The cleanup day, she said, “is not just about trash. It’s about people saying, ‘Wow, we have a river, and it’s a pretty nice river. It’s not the river we see in ‘Terminator 2.’”

Burbank resident Dale Ferrens, who grew up in Atwater Village and said he’s participated in the cleanup for 15 years, thought the stretch of river on the Glendale and Burbank border looked better than usual this year.

Others were less sure. Julia Wahl, one of several eighth-graders on hand from Pasadena’s Polytechnic School, said she was surprised by the amount of junk. “People think of the river like a trash bin,” she said.

The Los Angeles Education Partnership brought a group of public school teachers to the water’s edge Saturday for a tutorial on incorporating the river into their class instruction.
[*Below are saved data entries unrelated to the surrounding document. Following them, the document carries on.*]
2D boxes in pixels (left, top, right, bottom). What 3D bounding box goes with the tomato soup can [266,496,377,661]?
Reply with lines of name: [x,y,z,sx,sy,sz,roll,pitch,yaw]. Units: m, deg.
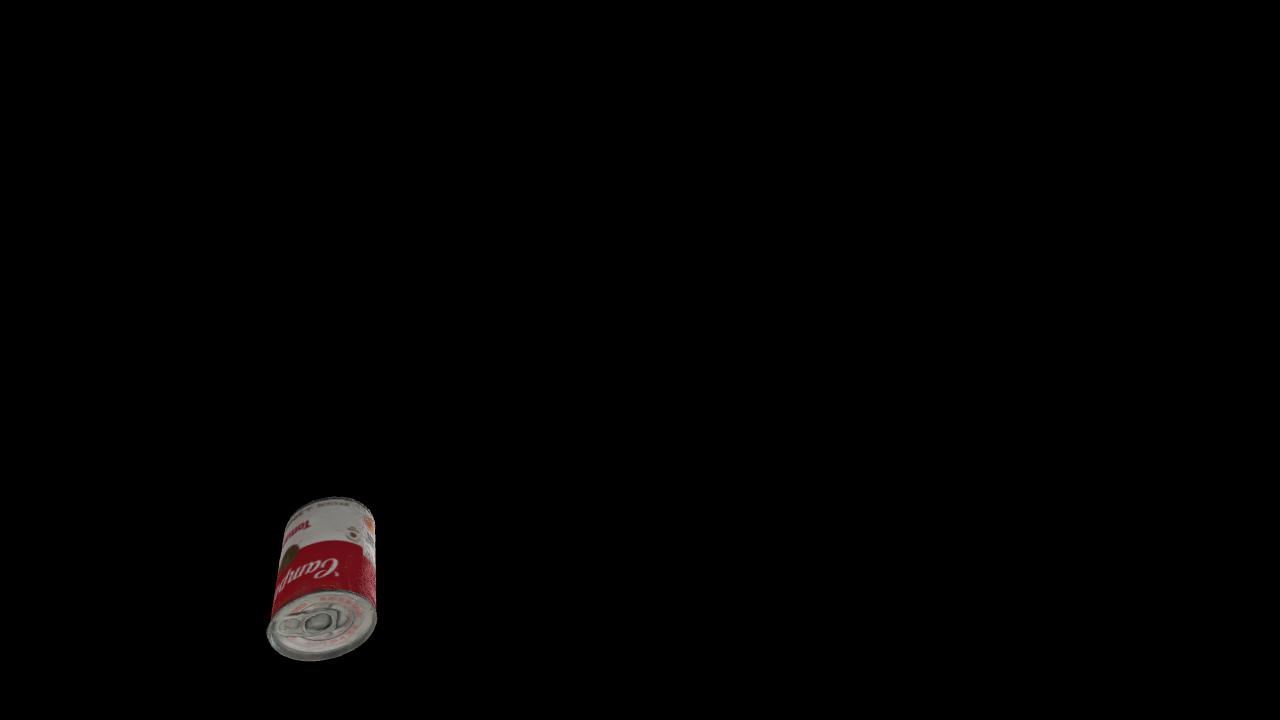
tomato soup can: [-0.233,0.159,0.461,0.068,0.068,0.101,0,28,-23]
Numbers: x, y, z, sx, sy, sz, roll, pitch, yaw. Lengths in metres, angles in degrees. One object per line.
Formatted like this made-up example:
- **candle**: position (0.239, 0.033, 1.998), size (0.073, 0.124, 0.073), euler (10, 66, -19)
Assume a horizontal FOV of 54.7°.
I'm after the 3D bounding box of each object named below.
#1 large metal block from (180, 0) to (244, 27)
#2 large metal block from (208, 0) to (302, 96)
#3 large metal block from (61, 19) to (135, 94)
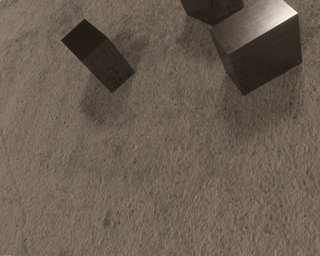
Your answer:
- **large metal block**: position (0.069, -0.203, 0.456), size (0.050, 0.080, 0.080), euler (-46, 51, -3)
- **large metal block**: position (0.115, -0.097, 0.367), size (0.080, 0.080, 0.050), euler (-30, 52, 8)
- **large metal block**: position (-0.097, -0.112, 0.486), size (0.050, 0.080, 0.080), euler (-44, 51, -2)
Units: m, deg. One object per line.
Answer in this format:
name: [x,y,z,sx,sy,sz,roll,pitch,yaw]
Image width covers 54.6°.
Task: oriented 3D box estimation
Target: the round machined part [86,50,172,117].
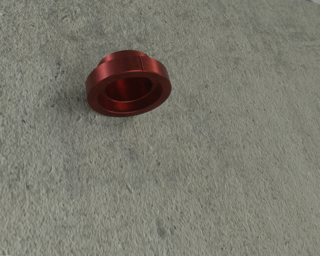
round machined part: [-0.039,-0.055,0.369,0.099,0.098,0.042,1,62,-28]
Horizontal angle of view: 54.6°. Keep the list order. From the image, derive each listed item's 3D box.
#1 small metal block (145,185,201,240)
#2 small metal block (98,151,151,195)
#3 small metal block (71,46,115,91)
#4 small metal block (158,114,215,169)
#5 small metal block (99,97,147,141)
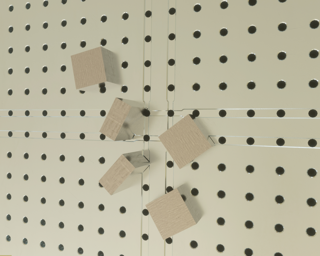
[{"bbox_3d":[0.017,0.110,0.407,0.050,0.025,0.050,-32,80,17],"label":"small metal block"},{"bbox_3d":[-0.046,0.059,0.416,0.025,0.050,0.050,45,104,14],"label":"small metal block"},{"bbox_3d":[-0.097,-0.084,0.447,0.050,0.025,0.050,-11,86,19],"label":"small metal block"},{"bbox_3d":[0.035,0.017,0.401,0.050,0.025,0.050,-38,78,16],"label":"small metal block"},{"bbox_3d":[-0.048,-0.011,0.417,0.025,0.050,0.050,30,100,17],"label":"small metal block"}]
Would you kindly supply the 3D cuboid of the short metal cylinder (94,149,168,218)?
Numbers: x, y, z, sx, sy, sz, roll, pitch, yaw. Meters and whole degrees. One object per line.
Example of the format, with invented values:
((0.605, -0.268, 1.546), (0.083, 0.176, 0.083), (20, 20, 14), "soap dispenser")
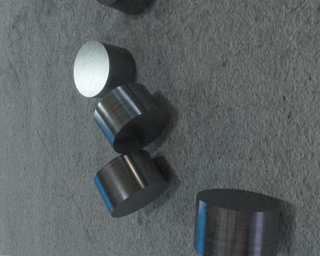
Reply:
((-0.037, 0.072, 0.400), (0.080, 0.081, 0.050), (-48, 62, 29), "short metal cylinder")

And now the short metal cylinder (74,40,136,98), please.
((-0.082, -0.084, 0.457), (0.080, 0.050, 0.080), (0, 90, 40), "short metal cylinder")

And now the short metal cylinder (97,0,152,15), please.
((-0.049, -0.204, 0.430), (0.080, 0.050, 0.080), (0, 90, 40), "short metal cylinder")

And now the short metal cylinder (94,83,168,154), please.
((-0.037, -0.012, 0.400), (0.050, 0.081, 0.080), (52, 120, 27), "short metal cylinder")

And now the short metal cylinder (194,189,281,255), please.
((0.075, 0.095, 0.307), (0.080, 0.081, 0.050), (6, 94, 40), "short metal cylinder")
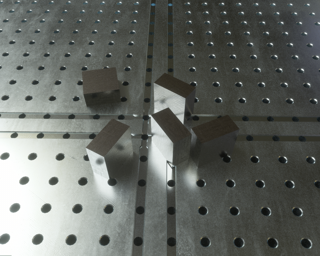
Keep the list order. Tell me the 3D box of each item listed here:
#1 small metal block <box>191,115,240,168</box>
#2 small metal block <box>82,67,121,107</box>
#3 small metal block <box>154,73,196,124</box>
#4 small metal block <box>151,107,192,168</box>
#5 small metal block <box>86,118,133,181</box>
[{"bbox_3d":[0.064,0.017,0.378,0.050,0.050,0.025,-20,53,-16],"label":"small metal block"},{"bbox_3d":[-0.087,-0.062,0.459,0.050,0.025,0.050,-9,51,-7],"label":"small metal block"},{"bbox_3d":[0.020,-0.040,0.426,0.050,0.050,0.025,29,56,22],"label":"small metal block"},{"bbox_3d":[0.013,0.012,0.382,0.025,0.050,0.050,-25,55,-19],"label":"small metal block"},{"bbox_3d":[-0.058,0.026,0.370,0.025,0.050,0.050,24,54,19],"label":"small metal block"}]
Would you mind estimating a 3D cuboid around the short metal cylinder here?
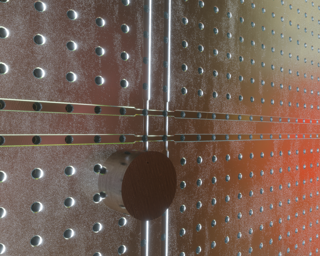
[{"bbox_3d":[-0.026,0.066,0.373,0.081,0.050,0.079,0,90,-40],"label":"short metal cylinder"}]
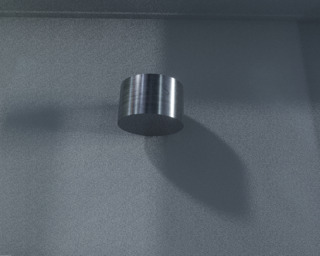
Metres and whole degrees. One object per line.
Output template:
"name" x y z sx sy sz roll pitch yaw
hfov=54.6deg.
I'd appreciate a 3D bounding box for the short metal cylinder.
"short metal cylinder" -0.011 -0.026 0.387 0.080 0.080 0.050 2 70 1
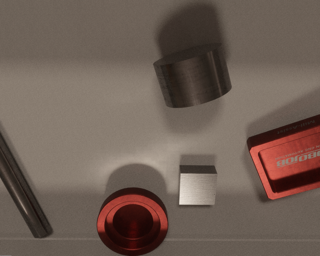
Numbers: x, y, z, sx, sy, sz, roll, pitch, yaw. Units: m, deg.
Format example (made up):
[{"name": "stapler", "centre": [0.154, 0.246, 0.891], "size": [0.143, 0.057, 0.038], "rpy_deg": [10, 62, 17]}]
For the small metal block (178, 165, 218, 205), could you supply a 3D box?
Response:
[{"name": "small metal block", "centre": [0.053, 0.081, 0.442], "size": [0.050, 0.025, 0.050], "rpy_deg": [1, 110, -1]}]

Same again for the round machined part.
[{"name": "round machined part", "centre": [-0.038, 0.130, 0.446], "size": [0.099, 0.042, 0.097], "rpy_deg": [-1, 105, -2]}]

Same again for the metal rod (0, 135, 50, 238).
[{"name": "metal rod", "centre": [-0.223, 0.024, 0.416], "size": [0.025, 0.025, 0.298], "rpy_deg": [-17, 110, 6]}]

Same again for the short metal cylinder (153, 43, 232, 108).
[{"name": "short metal cylinder", "centre": [0.038, -0.062, 0.360], "size": [0.080, 0.080, 0.050], "rpy_deg": [-16, 110, 5]}]

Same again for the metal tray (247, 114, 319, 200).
[{"name": "metal tray", "centre": [0.194, 0.037, 0.413], "size": [0.130, 0.030, 0.090], "rpy_deg": [-20, 109, 17]}]
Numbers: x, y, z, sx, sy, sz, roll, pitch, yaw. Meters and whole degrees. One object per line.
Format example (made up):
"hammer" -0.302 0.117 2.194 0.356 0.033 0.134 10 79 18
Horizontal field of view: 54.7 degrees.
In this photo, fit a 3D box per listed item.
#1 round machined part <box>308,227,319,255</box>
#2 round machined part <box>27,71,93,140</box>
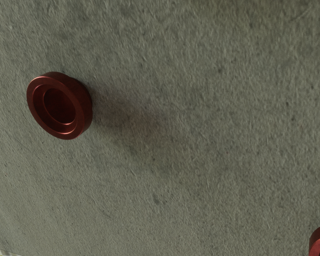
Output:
"round machined part" 0.230 0.145 0.364 0.098 0.042 0.097 13 124 20
"round machined part" -0.138 -0.035 0.444 0.098 0.042 0.097 13 124 20
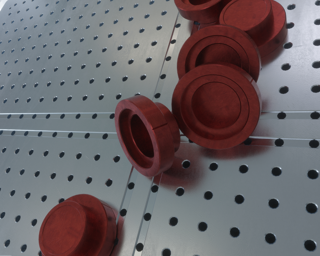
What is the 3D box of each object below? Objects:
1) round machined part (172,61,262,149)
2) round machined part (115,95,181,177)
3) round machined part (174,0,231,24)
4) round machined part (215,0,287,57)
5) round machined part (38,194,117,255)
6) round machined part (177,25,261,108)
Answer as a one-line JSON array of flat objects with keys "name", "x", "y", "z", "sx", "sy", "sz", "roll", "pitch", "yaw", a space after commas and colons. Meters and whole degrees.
[{"name": "round machined part", "x": 0.067, "y": -0.028, "z": 0.358, "sx": 0.098, "sy": 0.097, "sz": 0.042, "roll": -5, "pitch": 18, "yaw": 25}, {"name": "round machined part", "x": -0.012, "y": 0.007, "z": 0.377, "sx": 0.042, "sy": 0.097, "sz": 0.098, "roll": -22, "pitch": 44, "yaw": -30}, {"name": "round machined part", "x": 0.075, "y": -0.203, "z": 0.483, "sx": 0.098, "sy": 0.042, "sz": 0.098, "roll": -13, "pitch": 56, "yaw": 21}, {"name": "round machined part", "x": 0.119, "y": -0.143, "z": 0.423, "sx": 0.098, "sy": 0.042, "sz": 0.098, "roll": -13, "pitch": 56, "yaw": 21}, {"name": "round machined part", "x": -0.106, "y": 0.127, "z": 0.376, "sx": 0.098, "sy": 0.042, "sz": 0.098, "roll": -13, "pitch": 56, "yaw": 21}, {"name": "round machined part", "x": 0.074, "y": -0.077, "z": 0.384, "sx": 0.098, "sy": 0.097, "sz": 0.042, "roll": -6, "pitch": 18, "yaw": 25}]
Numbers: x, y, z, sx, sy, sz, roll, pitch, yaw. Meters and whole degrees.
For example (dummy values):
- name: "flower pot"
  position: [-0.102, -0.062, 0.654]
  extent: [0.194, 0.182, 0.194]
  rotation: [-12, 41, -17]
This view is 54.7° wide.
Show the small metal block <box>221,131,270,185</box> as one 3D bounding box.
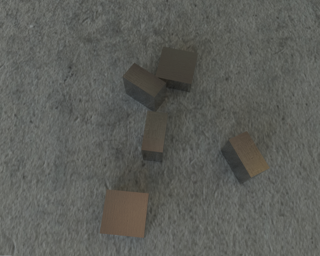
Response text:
- name: "small metal block"
  position: [0.103, 0.038, 0.382]
  extent: [0.025, 0.050, 0.050]
  rotation: [-25, 72, -9]

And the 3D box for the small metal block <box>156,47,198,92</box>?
- name: "small metal block"
  position: [0.023, -0.083, 0.439]
  extent: [0.050, 0.025, 0.050]
  rotation: [12, 70, 4]

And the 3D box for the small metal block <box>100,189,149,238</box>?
- name: "small metal block"
  position: [-0.041, 0.103, 0.370]
  extent: [0.050, 0.025, 0.050]
  rotation: [5, 70, 1]

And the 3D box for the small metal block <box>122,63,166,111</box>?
- name: "small metal block"
  position: [-0.020, -0.053, 0.414]
  extent: [0.050, 0.050, 0.025]
  rotation: [34, 74, 11]

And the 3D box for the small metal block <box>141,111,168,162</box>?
- name: "small metal block"
  position: [-0.006, 0.012, 0.390]
  extent: [0.025, 0.050, 0.050]
  rotation: [7, 70, 2]
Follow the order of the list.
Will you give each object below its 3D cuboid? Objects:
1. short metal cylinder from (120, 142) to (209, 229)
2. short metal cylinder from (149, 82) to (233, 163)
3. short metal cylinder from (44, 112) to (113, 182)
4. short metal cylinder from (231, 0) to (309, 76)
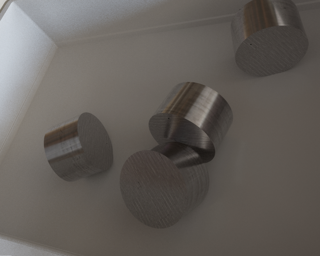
[{"bbox_3d":[0.005,0.058,0.328,0.080,0.050,0.079,5,100,32],"label":"short metal cylinder"},{"bbox_3d":[0.035,-0.005,0.349,0.080,0.080,0.050,12,53,33],"label":"short metal cylinder"},{"bbox_3d":[-0.105,0.025,0.410,0.050,0.080,0.080,-21,54,16],"label":"short metal cylinder"},{"bbox_3d":[0.128,-0.107,0.369,0.080,0.080,0.050,-13,57,21],"label":"short metal cylinder"}]
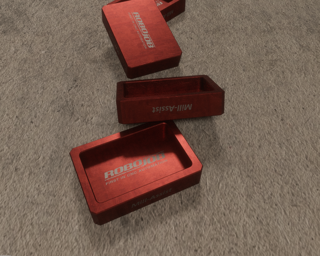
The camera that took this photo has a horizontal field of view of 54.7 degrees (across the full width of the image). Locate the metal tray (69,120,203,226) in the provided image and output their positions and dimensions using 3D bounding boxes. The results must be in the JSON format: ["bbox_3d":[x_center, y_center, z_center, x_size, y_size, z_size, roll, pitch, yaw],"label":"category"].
[{"bbox_3d":[-0.028,0.044,0.362,0.131,0.030,0.090,-20,53,-16],"label":"metal tray"}]

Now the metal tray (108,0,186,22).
[{"bbox_3d":[-0.024,-0.230,0.593,0.090,0.030,0.131,35,58,25],"label":"metal tray"}]

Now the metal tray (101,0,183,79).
[{"bbox_3d":[-0.031,-0.149,0.503,0.091,0.030,0.130,-18,69,-15],"label":"metal tray"}]

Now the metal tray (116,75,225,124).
[{"bbox_3d":[0.010,-0.041,0.410,0.131,0.030,0.090,-5,24,-5],"label":"metal tray"}]
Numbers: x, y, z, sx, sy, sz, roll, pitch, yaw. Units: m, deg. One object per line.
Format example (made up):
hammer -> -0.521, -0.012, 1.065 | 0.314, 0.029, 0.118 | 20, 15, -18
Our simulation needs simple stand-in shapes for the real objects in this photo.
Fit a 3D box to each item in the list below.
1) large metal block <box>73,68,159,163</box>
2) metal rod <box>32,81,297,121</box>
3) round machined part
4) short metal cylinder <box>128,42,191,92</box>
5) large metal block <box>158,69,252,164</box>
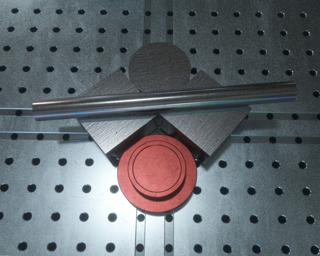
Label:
large metal block -> -0.058, -0.015, 0.399 | 0.080, 0.050, 0.080 | -38, 76, -13
metal rod -> 0.007, -0.032, 0.364 | 0.302, 0.025, 0.025 | -5, 70, -1
round machined part -> -0.003, 0.053, 0.379 | 0.099, 0.042, 0.098 | 0, 70, 0
short metal cylinder -> 0.000, -0.068, 0.419 | 0.081, 0.050, 0.080 | 0, 70, 0
large metal block -> 0.055, -0.013, 0.397 | 0.080, 0.050, 0.080 | 40, 76, 13
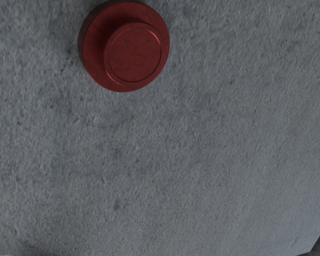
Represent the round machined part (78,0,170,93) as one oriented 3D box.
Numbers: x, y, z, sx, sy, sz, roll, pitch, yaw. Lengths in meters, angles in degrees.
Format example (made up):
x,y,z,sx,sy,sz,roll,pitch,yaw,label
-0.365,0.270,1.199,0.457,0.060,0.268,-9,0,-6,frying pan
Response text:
x,y,z,sx,sy,sz,roll,pitch,yaw,label
-0.033,-0.082,0.328,0.099,0.042,0.097,-14,125,-21,round machined part
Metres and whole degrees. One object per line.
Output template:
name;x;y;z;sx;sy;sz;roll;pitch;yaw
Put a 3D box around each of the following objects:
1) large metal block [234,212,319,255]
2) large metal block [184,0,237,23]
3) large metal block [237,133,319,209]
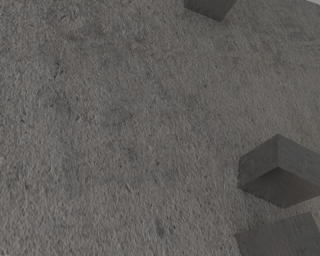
large metal block;0.142;0.149;0.354;0.050;0.080;0.080;-2;63;-29
large metal block;0.099;-0.257;0.579;0.081;0.080;0.050;15;56;-20
large metal block;0.164;0.061;0.419;0.080;0.080;0.050;25;53;-13
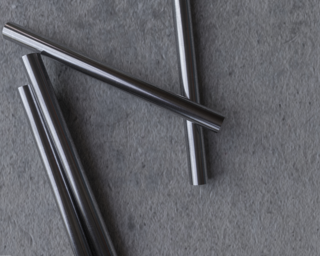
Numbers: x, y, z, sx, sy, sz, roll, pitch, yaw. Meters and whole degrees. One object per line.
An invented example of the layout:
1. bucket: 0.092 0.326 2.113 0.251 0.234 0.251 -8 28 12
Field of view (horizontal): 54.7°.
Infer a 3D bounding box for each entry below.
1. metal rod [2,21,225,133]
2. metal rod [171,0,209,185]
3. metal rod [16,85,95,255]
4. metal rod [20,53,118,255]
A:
1. metal rod: -0.062 -0.066 0.394 0.301 0.025 0.025 24 90 5
2. metal rod: 0.037 -0.075 0.410 0.025 0.025 0.298 -6 90 -1
3. metal rod: -0.127 0.088 0.408 0.025 0.025 0.298 -19 90 0
4. metal rod: -0.113 0.049 0.401 0.025 0.025 0.298 -20 93 0
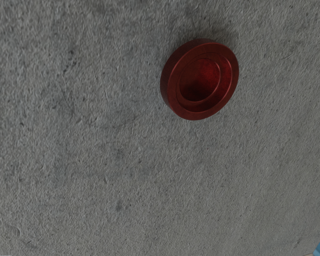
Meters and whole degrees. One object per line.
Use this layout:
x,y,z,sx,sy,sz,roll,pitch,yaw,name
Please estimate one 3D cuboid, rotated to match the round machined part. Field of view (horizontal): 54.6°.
0.044,-0.062,0.381,0.099,0.042,0.097,-14,124,-21,round machined part
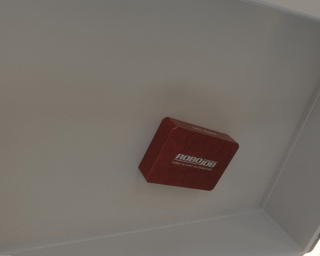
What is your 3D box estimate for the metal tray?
[{"bbox_3d":[0.045,0.042,0.455,0.131,0.030,0.090,15,111,-34],"label":"metal tray"}]

“There are many ways you can check the healthiness of the river,” said Oscar Espinoza, a biology teacher from L.A.’s King Drew Magnet High School. Espinoza learned how an inventory of insects or birds, as well as simple tests of dissolved oxygen and pH, gauge the health of the waterway. “They all tell the story of the river.”

Debbi Converse of Pasadena found an array of pretty birds flying overhead and a duck’s nest in the water. But that’s not all.

“I think we found the auto row section of the river,” Converse said as she hauled ashore chunks of metal in various shapes. “I also found Lindsay Lohan’s career. It’s dead.”

A few steps upstream, Joyce Lau of Sherman Oaks used a metal pole she’d found to extract a cold, wet dollar bill from the greenish shallows. “This river is a nice river,” Lau said. “If we keep cleaning it up it will be a great asset to the city.”